Les cas cités, que nous avons traduit du texte original en arabe, montre clairement qu’en ce qui concerne les personnes privées, qu’elles soient physiques ou morales, l’exécution des jugements est suspendue dans certains cas seulement : les alinéas 1, 2, 3 et 4. Tandis que dans le cas des personnes publiques, les alinéas 5, 6 et 7 s’étendent à toutes les affaires administratives contre l’État, toutes les décisions rendues contre les sociétés d’État, et celles relatives aux mainmortes, offrant ainsi un éventail plus large pour l’administration. Cette différence, restreignant les personnes privées largement comme nous l’avons expliqué, montre une discrimination entre les personnes privées et les personnes publiques, malgré votre refus, monsieur ministre d’employer ce terme.

Il est également pertinent de citer le principe de la protection de la partie faible, une constante en droit civil.

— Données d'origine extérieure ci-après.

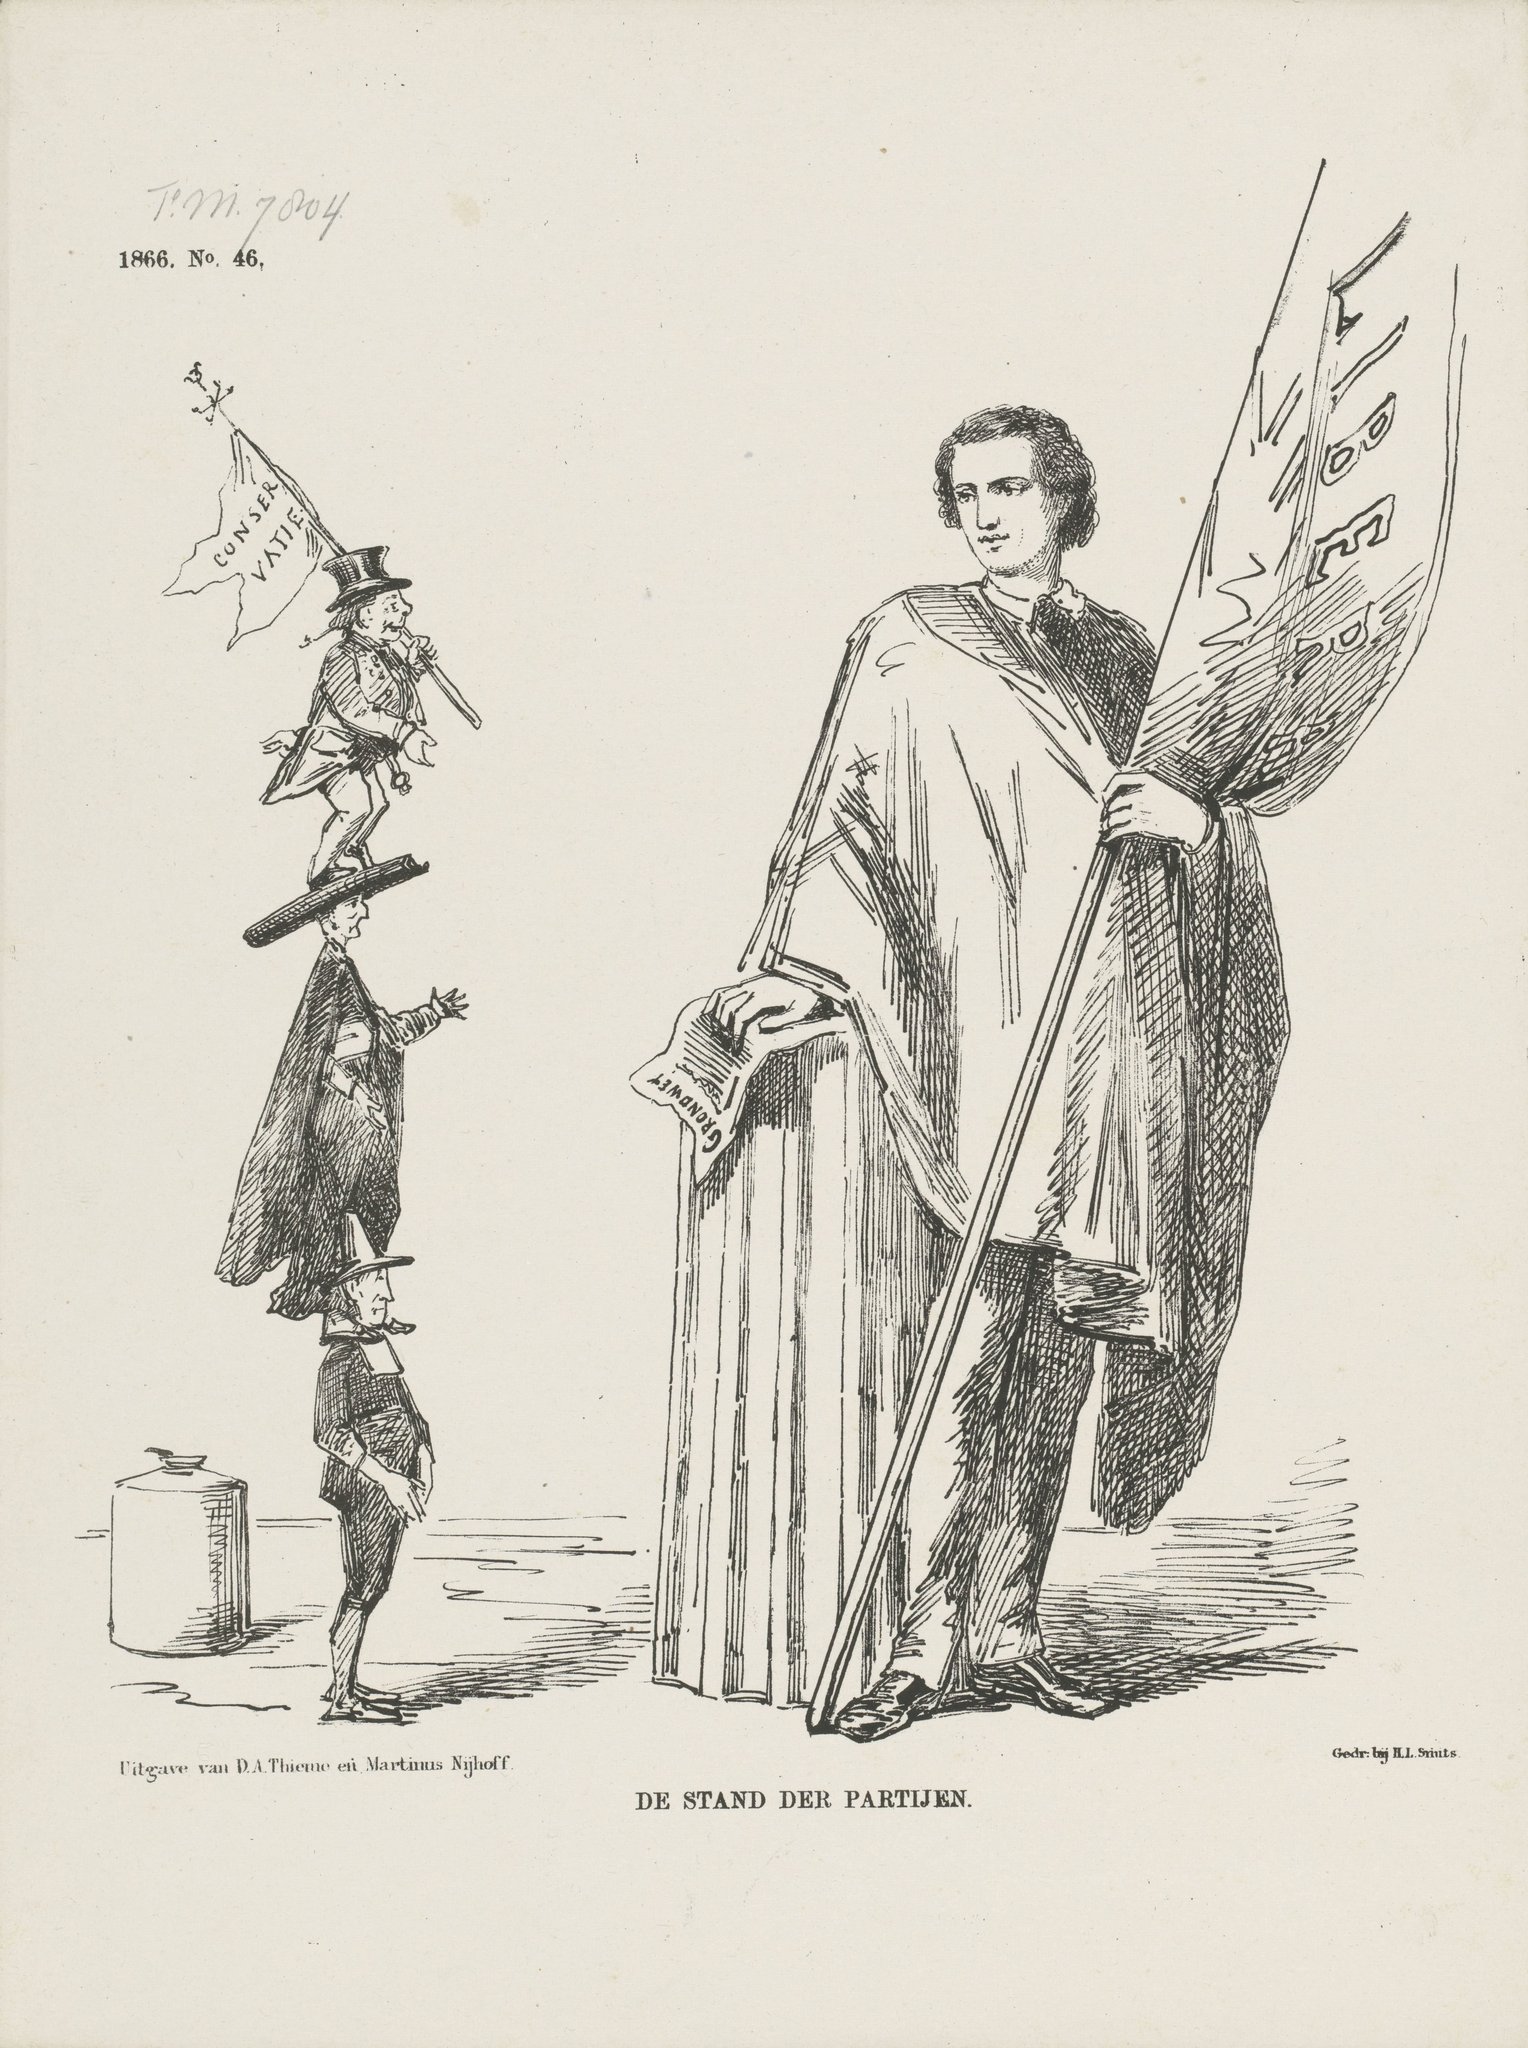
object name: print
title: Spotprent op verhouding tussen de partijen, 1866
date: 1866
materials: paper
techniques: lithograph
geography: netherlands
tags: political parties
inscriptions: collector's mark: Lugt 2228
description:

Il va sans dire que si le citoyen se trouve face à l’administration dans un procès, il est la partie la plus faible. Il est alors logique que le législateur penche de son côté et non du côté de l’administration ou d’une personne publique quelconque, spécifiquement en droit civil.

L’article 30 instaure une discrimination entre les citoyens.

L’article 30 du projet de loi 02.23 établit une situation de fait nouvelle et plutôt curieuse. Comme vous l’expliquez, monsieur le ministre : “le projet (de loi) a relevé le seuil de compétence des tribunaux de première instance pour statuer en premier et dernier ressort à quarante mille (40 000) dirhams, et en premier ressort avec droit d’appel pour toutes les demandes dépassant quarante mille (40 000) dirhams.”

Dans ce cas, le texte est net et simple, et n’a pas besoin d’interprétation approfondie. Dans quel monde “une différence d’opportunité” (pour ne pas dire discrimination) d’accès au droit de recours est-elle un titre d’équité ?

La justice consiste à dire le juste, le vrai. La justice est une affaire de morale ; dans un grand nombre de cas, le côté pécuniaire n’est qu’une facette parmi tant d’autres. Comment peut-on se permettre de limiter le droit de recours ? N’est-ce pas une atteinte véritable à la présomption d’innocence et au procès équitable ?

Dans la défense de votre projet de loi, Monsieur le ministre, vous vous justifiez en expliquant que l’article 32 permet à la partie lésée dans des litiges ne dépassant pas 40 000 dirhams de faire annuler le jugement par le président du tribunal dans un délai de 15 jours, dans certains cas parmi lesquels nous citons : le non-respect par le juge de son champ de compétence, le défaut de conciliation entre les parties, la non-vérification préalable de l’identité des parties, le fait de statuer au-delà de ce qui est demandé, ou l’omission de statuer sur certaines demandes.

Cependant, ces motifs constituent tous des motifs de forme ; le justiciable ne pourra donc faire valoir son droit que sur la partie procédurale. Contrairement aux litiges dépassant 40 000 dirhams qui peuvent recourir à la cour d’appel, qui statuera d’abord sur la forme pour passer ensuite au fond.